Liz Adamshick Liz Adamshick

For the Record

If nothing else, our nieces and nephews would stumble across this collection someday and gain a deeper appreciation of their aunt and uncle’s active inner life.

“Honey, remember when you wanted to be a chimney sweep?”

Patrick burst out laughing before he could put words to his answer. “How long ago was that—fifteen, maybe twenty years?”

“At least that”, I smiled back at him, this man who’s mind is a nearly nonstop churning factory of possibilities.

“How about that time when we wanted to build a curved footbridge over that narrow section of the creek about halfway through the meadow? Hadn’t been here a full eight seasons, didn’t know what a solid weekend of steady downpours could do to that creek…” he had a faraway look in his eyes, his brows raised in gratitude and relief that we never moved forward with that project. In one soggy November weekend, we saw what happens when the skies give the creek more than it can swallow in two days.
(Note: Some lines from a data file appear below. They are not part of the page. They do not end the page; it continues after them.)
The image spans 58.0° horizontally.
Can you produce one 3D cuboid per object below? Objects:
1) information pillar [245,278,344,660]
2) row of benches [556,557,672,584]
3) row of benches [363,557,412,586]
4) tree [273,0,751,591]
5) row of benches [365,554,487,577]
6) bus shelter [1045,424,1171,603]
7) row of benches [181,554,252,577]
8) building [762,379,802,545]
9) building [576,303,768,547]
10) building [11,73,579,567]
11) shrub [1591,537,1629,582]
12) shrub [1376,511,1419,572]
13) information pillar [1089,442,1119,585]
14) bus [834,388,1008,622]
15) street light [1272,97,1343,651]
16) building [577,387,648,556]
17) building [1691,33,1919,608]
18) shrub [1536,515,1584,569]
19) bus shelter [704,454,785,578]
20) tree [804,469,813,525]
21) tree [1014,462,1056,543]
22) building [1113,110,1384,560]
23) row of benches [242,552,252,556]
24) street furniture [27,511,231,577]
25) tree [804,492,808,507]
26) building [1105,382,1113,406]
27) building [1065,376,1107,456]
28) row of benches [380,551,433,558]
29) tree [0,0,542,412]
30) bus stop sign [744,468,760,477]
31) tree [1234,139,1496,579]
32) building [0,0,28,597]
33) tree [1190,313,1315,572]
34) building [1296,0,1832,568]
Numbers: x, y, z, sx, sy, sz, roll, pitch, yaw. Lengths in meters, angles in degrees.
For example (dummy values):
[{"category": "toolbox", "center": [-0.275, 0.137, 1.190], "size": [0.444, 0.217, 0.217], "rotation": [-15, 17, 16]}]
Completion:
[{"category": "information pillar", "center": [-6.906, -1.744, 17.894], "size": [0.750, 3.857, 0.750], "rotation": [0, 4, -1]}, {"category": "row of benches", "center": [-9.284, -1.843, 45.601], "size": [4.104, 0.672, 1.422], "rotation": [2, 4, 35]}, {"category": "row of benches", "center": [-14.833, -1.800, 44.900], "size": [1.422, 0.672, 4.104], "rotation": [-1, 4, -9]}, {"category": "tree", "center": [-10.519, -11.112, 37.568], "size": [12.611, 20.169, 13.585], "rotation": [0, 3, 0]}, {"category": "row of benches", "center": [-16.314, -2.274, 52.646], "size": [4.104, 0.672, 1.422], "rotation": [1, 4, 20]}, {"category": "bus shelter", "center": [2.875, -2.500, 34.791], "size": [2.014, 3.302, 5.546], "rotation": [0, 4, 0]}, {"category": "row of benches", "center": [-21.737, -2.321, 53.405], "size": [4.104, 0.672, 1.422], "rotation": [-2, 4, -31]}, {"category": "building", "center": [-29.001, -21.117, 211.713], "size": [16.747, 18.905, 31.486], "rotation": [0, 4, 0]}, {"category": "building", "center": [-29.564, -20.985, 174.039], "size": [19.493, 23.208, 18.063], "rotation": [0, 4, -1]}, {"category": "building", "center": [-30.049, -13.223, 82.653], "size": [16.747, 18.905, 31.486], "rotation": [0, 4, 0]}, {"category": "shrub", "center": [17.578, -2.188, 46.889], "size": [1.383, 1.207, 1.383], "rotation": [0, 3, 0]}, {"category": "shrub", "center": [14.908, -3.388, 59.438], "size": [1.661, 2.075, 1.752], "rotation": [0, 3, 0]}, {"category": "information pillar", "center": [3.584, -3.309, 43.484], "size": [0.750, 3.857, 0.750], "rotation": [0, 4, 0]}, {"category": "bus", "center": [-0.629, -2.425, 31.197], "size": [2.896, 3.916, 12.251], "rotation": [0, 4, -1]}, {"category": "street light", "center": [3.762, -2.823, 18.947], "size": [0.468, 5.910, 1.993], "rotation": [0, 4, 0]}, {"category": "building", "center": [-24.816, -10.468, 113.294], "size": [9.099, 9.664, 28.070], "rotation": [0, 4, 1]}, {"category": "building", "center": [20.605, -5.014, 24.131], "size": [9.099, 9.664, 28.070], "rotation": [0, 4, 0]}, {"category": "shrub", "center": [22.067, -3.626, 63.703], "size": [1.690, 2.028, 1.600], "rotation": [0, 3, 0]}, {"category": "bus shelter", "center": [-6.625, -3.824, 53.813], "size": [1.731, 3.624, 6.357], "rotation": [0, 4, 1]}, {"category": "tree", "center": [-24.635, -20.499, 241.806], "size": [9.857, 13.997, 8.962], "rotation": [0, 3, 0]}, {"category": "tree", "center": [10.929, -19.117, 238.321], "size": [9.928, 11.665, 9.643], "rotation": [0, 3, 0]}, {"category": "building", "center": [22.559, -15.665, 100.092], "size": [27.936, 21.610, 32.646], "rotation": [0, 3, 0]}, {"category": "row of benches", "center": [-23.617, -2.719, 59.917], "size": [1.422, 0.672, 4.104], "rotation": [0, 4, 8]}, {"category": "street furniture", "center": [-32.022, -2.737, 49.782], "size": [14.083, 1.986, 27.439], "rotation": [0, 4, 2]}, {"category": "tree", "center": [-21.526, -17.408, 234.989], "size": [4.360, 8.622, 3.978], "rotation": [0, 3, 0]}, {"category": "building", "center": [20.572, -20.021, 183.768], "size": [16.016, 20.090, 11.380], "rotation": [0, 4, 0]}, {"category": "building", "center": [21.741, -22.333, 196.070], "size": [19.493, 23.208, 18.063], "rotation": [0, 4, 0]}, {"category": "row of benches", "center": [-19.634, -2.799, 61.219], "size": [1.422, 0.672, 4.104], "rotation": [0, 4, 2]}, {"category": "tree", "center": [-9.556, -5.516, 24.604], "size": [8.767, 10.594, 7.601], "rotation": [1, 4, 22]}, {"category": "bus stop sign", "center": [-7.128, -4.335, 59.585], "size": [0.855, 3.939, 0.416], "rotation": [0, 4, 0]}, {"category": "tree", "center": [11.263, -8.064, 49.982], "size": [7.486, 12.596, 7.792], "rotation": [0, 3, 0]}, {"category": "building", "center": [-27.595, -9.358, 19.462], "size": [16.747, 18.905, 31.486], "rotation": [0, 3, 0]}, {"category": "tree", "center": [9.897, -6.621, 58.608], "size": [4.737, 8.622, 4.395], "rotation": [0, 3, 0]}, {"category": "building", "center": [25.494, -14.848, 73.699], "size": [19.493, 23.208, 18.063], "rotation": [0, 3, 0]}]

This brief exchange took place on Saturday afternoon, another busy morning at the farmers’ market now unpacked and set to rest in the mud room. We’d each settled into our own quiet time (two semi-introverts on full tilt for five hours, engaging happily with a steady stream of pleasantly chatty customers wanting to know all about the granola we make…it says a lot about a relationship when you find your respective corners and sink into that blessed solitude without judgment or pouting). Patrick was on the couch, meditating, and I chose to head into town to browse a favorite shop on it’s annual sale day (I was almost out of elderberry tincture). It’s a plant-based remedies apothecary with additional inventory that’s part global bazaar and part museum of natural history. With wellness and goodwill toward others at the heart of the owners’ intentions, it’s a good place to be reminded of what we humans can manage, given the opportunity and the right herbal blends. Plus, they have a gorgeous selection of handcrafted leather journals. I swear, I was mainly there for the tincture.
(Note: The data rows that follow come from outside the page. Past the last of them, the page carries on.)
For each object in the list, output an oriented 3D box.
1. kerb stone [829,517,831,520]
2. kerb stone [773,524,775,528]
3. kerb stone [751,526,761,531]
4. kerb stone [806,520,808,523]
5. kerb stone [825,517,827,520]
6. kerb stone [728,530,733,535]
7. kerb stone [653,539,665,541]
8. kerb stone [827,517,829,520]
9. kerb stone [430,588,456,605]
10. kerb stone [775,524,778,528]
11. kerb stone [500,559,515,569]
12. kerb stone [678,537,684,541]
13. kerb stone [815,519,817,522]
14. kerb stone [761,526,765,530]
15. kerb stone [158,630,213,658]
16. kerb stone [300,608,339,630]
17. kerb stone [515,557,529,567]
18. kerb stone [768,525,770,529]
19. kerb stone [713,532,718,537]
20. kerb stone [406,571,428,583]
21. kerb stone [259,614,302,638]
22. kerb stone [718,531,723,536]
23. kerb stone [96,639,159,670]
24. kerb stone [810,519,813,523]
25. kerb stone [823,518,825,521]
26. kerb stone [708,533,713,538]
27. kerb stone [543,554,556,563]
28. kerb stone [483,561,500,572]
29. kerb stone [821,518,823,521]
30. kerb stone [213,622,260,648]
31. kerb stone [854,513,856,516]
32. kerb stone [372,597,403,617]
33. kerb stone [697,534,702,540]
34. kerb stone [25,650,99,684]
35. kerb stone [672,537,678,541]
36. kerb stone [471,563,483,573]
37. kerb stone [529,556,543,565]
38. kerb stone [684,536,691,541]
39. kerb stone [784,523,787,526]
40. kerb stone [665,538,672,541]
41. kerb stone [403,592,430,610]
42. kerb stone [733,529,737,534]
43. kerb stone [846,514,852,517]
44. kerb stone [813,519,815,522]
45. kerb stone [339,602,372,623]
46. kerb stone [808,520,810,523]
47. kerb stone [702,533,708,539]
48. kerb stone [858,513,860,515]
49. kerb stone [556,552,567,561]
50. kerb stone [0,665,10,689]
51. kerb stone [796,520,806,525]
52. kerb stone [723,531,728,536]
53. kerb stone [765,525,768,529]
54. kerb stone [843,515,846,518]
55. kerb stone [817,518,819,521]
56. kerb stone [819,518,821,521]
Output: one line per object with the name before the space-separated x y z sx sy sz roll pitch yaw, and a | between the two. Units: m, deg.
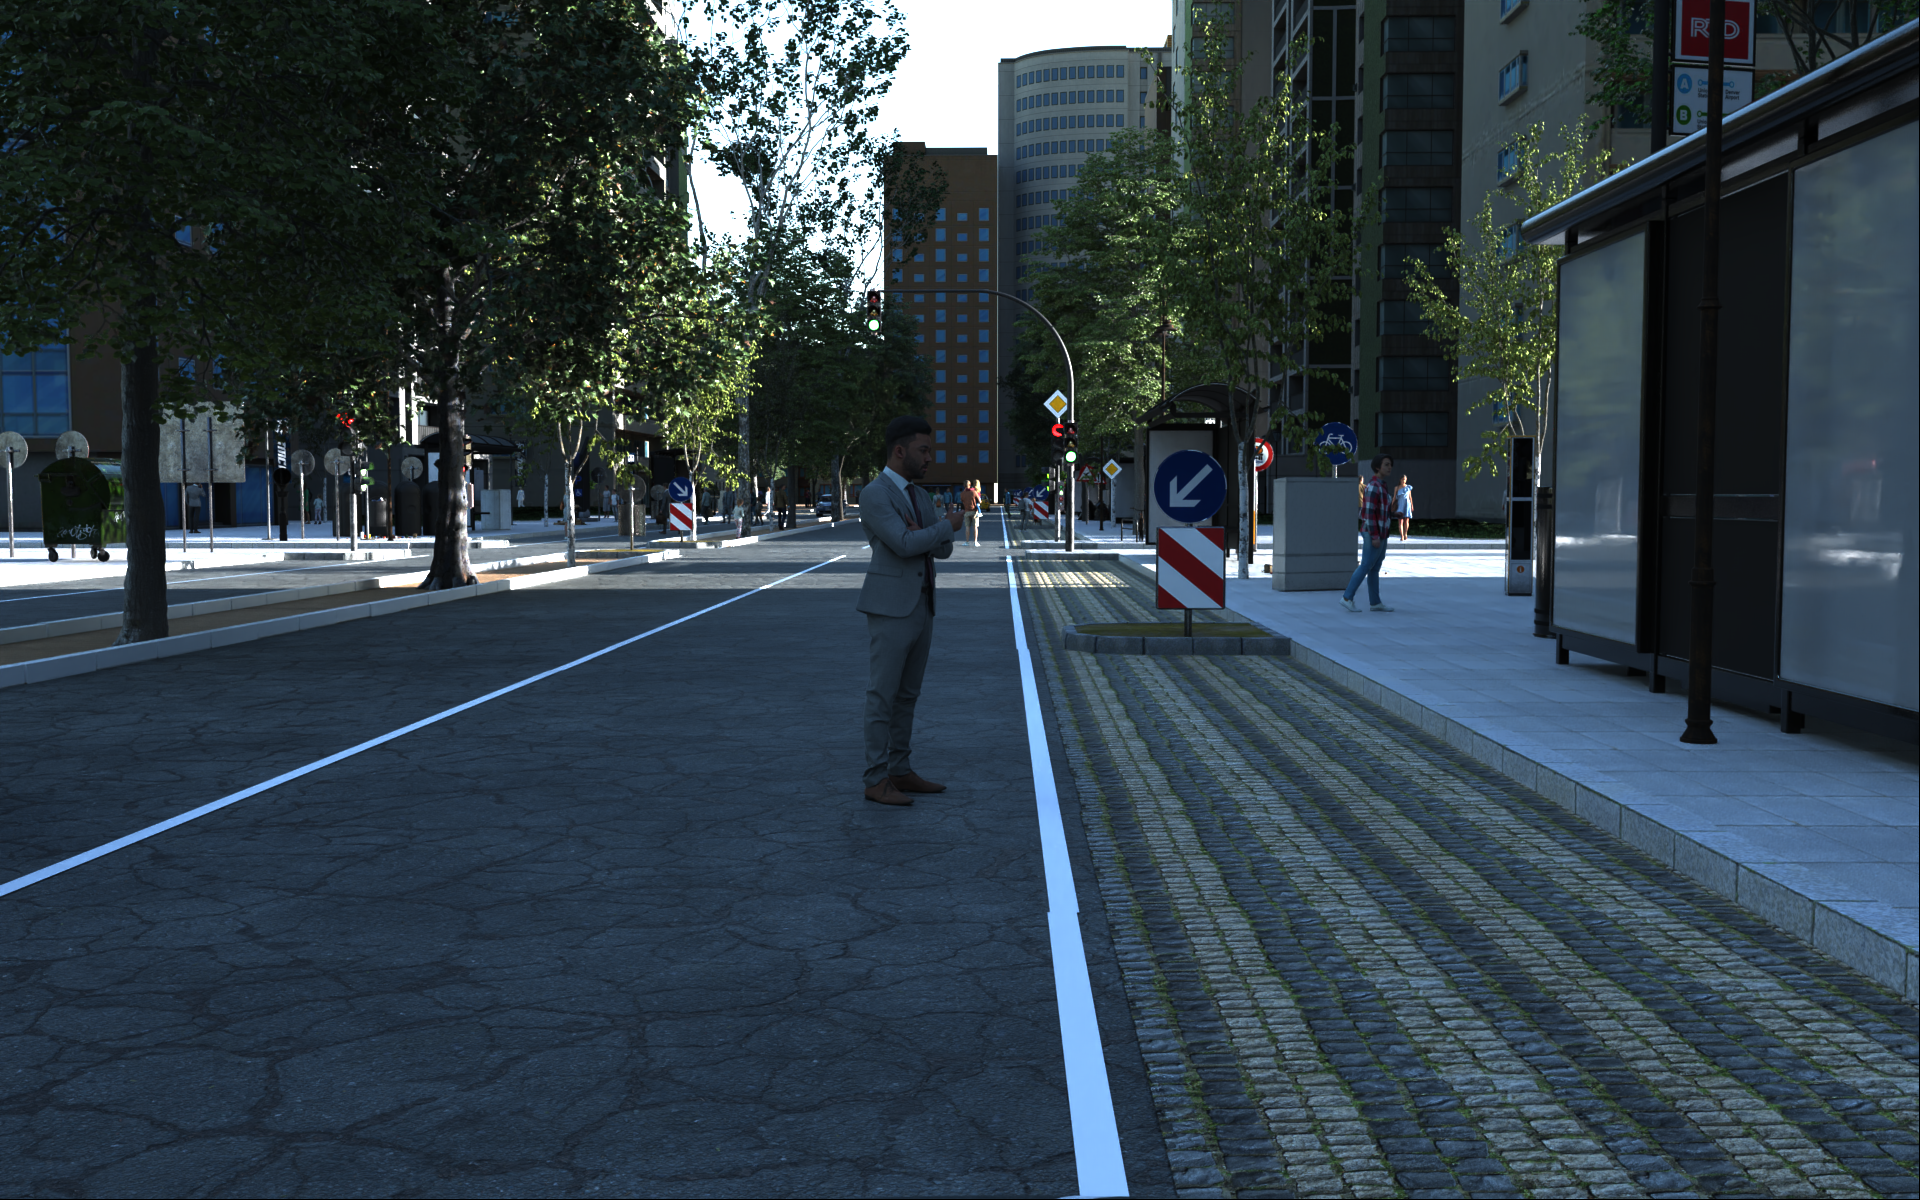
kerb stone | -7.344 -4.460 95.115 0.120 0.150 1.000 0 4 1
kerb stone | -7.875 -3.017 71.533 0.120 0.150 1.000 0 4 1
kerb stone | -7.968 -2.767 67.435 0.120 0.150 1.000 0 4 1
kerb stone | -7.601 -3.771 83.843 0.120 0.150 1.000 0 4 1
kerb stone | -7.386 -4.334 93.063 0.120 0.150 1.000 0 4 1
kerb stone | -8.127 -2.329 60.271 0.120 0.150 1.000 0 4 1
kerb stone | -8.406 -1.575 47.952 0.120 0.150 1.000 0 4 1
kerb stone | -7.363 -4.397 94.085 0.120 0.150 1.000 0 4 1
kerb stone | -6.880 -0.035 22.773 0.120 0.150 1.000 0 4 1
kerb stone | -7.848 -3.078 72.561 0.120 0.150 1.000 0 4 1
kerb stone | -8.749 -0.665 33.075 0.120 0.150 1.000 0 4 1
kerb stone | -8.345 -1.763 51.032 0.120 0.150 1.000 0 4 1
kerb stone | -7.506 -4.021 87.939 0.120 0.150 1.000 0 4 1
kerb stone | -7.941 -2.829 68.461 0.120 0.150 1.000 0 4 1
kerb stone | -7.038 0.404 15.601 0.120 0.150 1.000 0 4 1
kerb stone | -6.973 0.216 18.668 0.120 0.150 1.000 0 4 1
kerb stone | -8.727 -0.728 34.099 0.120 0.150 1.000 0 4 1
kerb stone | -7.899 -2.955 70.511 0.120 0.150 1.000 0 4 1
kerb stone | -8.202 -2.140 57.184 0.120 0.150 1.000 0 4 1
kerb stone | -8.857 -0.348 27.955 0.120 0.150 1.000 0 4 1
kerb stone | -6.997 0.280 17.644 0.120 0.150 1.000 0 4 1
kerb stone | -8.176 -2.203 58.210 0.120 0.150 1.000 0 4 1
kerb stone | -7.064 0.467 14.579 0.120 0.150 1.000 0 4 1
kerb stone | -7.549 -3.896 85.887 0.120 0.150 1.000 0 4 1
kerb stone | -7.413 -4.272 92.041 0.120 0.150 1.000 0 4 1
kerb stone | -8.226 -2.072 56.163 0.120 0.150 1.000 0 4 1
kerb stone | -8.674 -0.847 36.153 0.120 0.150 1.000 0 4 1
kerb stone | -8.772 -0.603 32.053 0.120 0.150 1.000 0 4 1
kerb stone | -7.442 -4.209 91.017 0.120 0.150 1.000 0 4 1
kerb stone | -7.013 0.341 16.622 0.120 0.150 1.000 0 4 1
kerb stone | -6.973 -5.458 111.509 0.120 0.150 1.000 0 4 1
kerb stone | -6.922 0.090 20.722 0.120 0.150 1.000 0 4 1
kerb stone | -8.271 -1.951 54.110 0.120 0.150 1.000 0 4 1
kerb stone | -7.083 0.528 13.557 0.120 0.150 1.000 0 4 1
kerb stone | -8.363 -1.701 50.009 0.120 0.150 1.000 0 4 1
kerb stone | -8.793 -0.540 31.026 0.120 0.150 1.000 0 4 1
kerb stone | -8.700 -0.791 35.121 0.120 0.150 1.000 0 4 1
kerb stone | -8.322 -1.821 52.057 0.120 0.150 1.000 0 4 1
kerb stone | -7.780 -3.269 75.649 0.120 0.150 1.000 0 4 1
kerb stone | -8.384 -1.638 48.974 0.120 0.150 1.000 0 4 1
kerb stone | -6.907 0.027 21.747 0.120 0.150 1.000 0 4 1
kerb stone | -8.111 -2.388 61.297 0.120 0.150 1.000 0 4 1
kerb stone | -7.044 -5.274 108.428 0.120 0.150 1.000 0 4 1
kerb stone | -7.533 -3.959 86.917 0.120 0.150 1.000 0 4 1
kerb stone | -6.959 0.153 19.697 0.120 0.150 1.000 0 4 1
kerb stone | -7.578 -3.833 84.865 0.120 0.150 1.000 0 4 1
kerb stone | -8.250 -2.010 55.137 0.120 0.150 1.000 0 4 1
kerb stone | -6.898 -5.651 114.588 0.120 0.150 1.000 0 4 1
kerb stone | -8.654 -0.917 37.186 0.120 0.150 1.000 0 4 1
kerb stone | -7.111 0.591 12.536 0.120 0.150 1.000 0 4 1
kerb stone | -7.622 -3.704 82.821 0.120 0.150 1.000 0 4 1
kerb stone | -8.153 -2.266 59.243 0.120 0.150 1.000 0 4 1
kerb stone | -7.924 -2.892 69.484 0.120 0.150 1.000 0 4 1
kerb stone | -7.134 -5.020 104.318 0.120 0.150 1.000 0 4 1
kerb stone | -7.477 -4.084 88.972 0.120 0.150 1.000 0 4 1
kerb stone | -7.460 -4.145 89.994 0.120 0.150 1.000 0 4 1

But resting flat on a round wooden tiered display stand in the center of the shop was a small journal with the phrase “half-assed ideas” stamped into its stiff leather cover. I chuckled to myself and moved on, making my way to the selection of teas in their tall silver canisters. We have far more tea at home than anyone could ever drink (make note, nieces and nephews—you’ll likely inherit most of it when we pass), but you never know if there’s a new one making its debut. A quick scan of the shelves’ offerings told me we were up to date on our home tea inventory and so I wandered back to the round display stand where that little blank journal blinked back at me, wondering what took me so long on the double-take. I scooped it up, and along with my tincture and a tiny free paper cut-out of a red-capped mushroom, stepped back out in the mid-Ohio sunshine, ready to put my weary bones on the couch next to Patrick for a bit.

As is our custom when either of us returns home from a solitary retail endeavor, we pull each treasure from the bag with a story (or explanation, or defense of spending) and a flourish; exclamations of approval or surprise are expected, or at least appreciated. Given the humble quantity of my purchases, I knew it wouldn’t take long, and the journal was an impulse acquisition. As I reached for it, the inspiration for the explanation came naturally.

“Honey, this is for us to use when we have an idea that needs a little more, um, development, and is too good to just toss into the ether, hoping it will stick to something. Don’t you wish we had one of these back when we first moved here?”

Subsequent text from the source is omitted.